PSY 5246C: Fall 2022 Syllabus
Multivariate Analysis in
Applied Psychological Research

1 Instructor Information

  • Instructor: Dr. Stefany Coxe
    • Ph.D., Quantitative Psychology from Arizona State University
    • I evaluate and apply advanced statistical methods in behavioral research, especially regression models for categorical outcomes and statistical graphics
    • Email () is always the best way to contact me! If you don’t hear back from me in a couple days, send me another email
    • Office Hours are by appointment via Zoom (link also on Canvas)
  • Teaching Assistant: Morgan Jusko
    • Email:
    • Office Hours are Wednesday 1 to 2pm via Zoom (link also on Canvas)

2 Course Information

2.1 Format and Meetings

This is a hybrid course. We will meet in person each Wednesday from 10:30am to 11:45am in PC 419; you will be responsible for completing course assignments such as videos and readings prior to class in order to be prepared to participate in the in-person meeting. See Assessments and Schedule below.

2.2 Learning Goals

This course covers topics related to multivariate statistical analysis, focusing on methods used in the social sciences and health research. You will learn about matrix algebra, linear regression, logistic regression, Poisson regression, factor analysis, principal components analysis, mixed models, and mediation. You will be able to analyze, interpret, and write up results using these methods. This course will provide you with the background and confidence for further study in applied statistics.

2.3 Learning Objectives

  • Compare and contrast possible analysis options based on the research question
  • Select the appropriate analysis approach for the research question
  • Analyze data with statistical methods appropriate to the research question
  • Create a written report of your findings
  • Make conclusions about your research question(s) based on those results
  • Discover a love of statistics!

2.4 Prerequisites

Graduate coursework in analysis of variance and linear regression, such as PSY 5939: Quant 1 and PSY 5939: Quant 2. We will cover a variety of topics in this course, but all of them build on a general linear model (ANOVA and regression) framework.

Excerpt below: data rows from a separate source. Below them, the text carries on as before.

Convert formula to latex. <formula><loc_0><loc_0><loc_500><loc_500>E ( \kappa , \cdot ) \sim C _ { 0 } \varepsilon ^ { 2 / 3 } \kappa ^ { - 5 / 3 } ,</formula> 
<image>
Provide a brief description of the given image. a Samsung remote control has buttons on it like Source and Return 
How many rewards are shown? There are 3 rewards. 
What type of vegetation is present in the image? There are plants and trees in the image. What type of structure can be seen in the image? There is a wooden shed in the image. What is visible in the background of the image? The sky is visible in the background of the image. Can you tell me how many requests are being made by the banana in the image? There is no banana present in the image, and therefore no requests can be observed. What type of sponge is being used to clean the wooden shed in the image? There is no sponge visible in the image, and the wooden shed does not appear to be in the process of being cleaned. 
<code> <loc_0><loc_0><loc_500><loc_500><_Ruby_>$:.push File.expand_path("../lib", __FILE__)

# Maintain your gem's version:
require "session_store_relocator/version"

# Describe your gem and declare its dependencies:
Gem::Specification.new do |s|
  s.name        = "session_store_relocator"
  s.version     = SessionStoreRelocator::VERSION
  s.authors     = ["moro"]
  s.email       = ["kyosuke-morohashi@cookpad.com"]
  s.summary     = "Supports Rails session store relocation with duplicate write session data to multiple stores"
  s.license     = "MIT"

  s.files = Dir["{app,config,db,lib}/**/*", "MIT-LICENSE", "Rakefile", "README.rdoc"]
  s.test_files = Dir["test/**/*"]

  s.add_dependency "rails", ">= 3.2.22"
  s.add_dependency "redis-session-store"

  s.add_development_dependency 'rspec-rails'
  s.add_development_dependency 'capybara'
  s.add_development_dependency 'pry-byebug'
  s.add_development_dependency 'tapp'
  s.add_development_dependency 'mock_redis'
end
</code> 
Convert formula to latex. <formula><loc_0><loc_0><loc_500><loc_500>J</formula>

2.5 Software and Technology

  • Canvas

Course materials will be posted on Canvas. Lecture videos will be posted on Playposit, with links in Canvas. You will submit all assignments via Canvas.

  • Statistical software

We will use SPSS and R for this course. I expect you to be able to use at least one of these software packages to do things like open datasets, transform variables, conduct simple analyses, etc. I will provide information about the specific procedures you will need to know for this course.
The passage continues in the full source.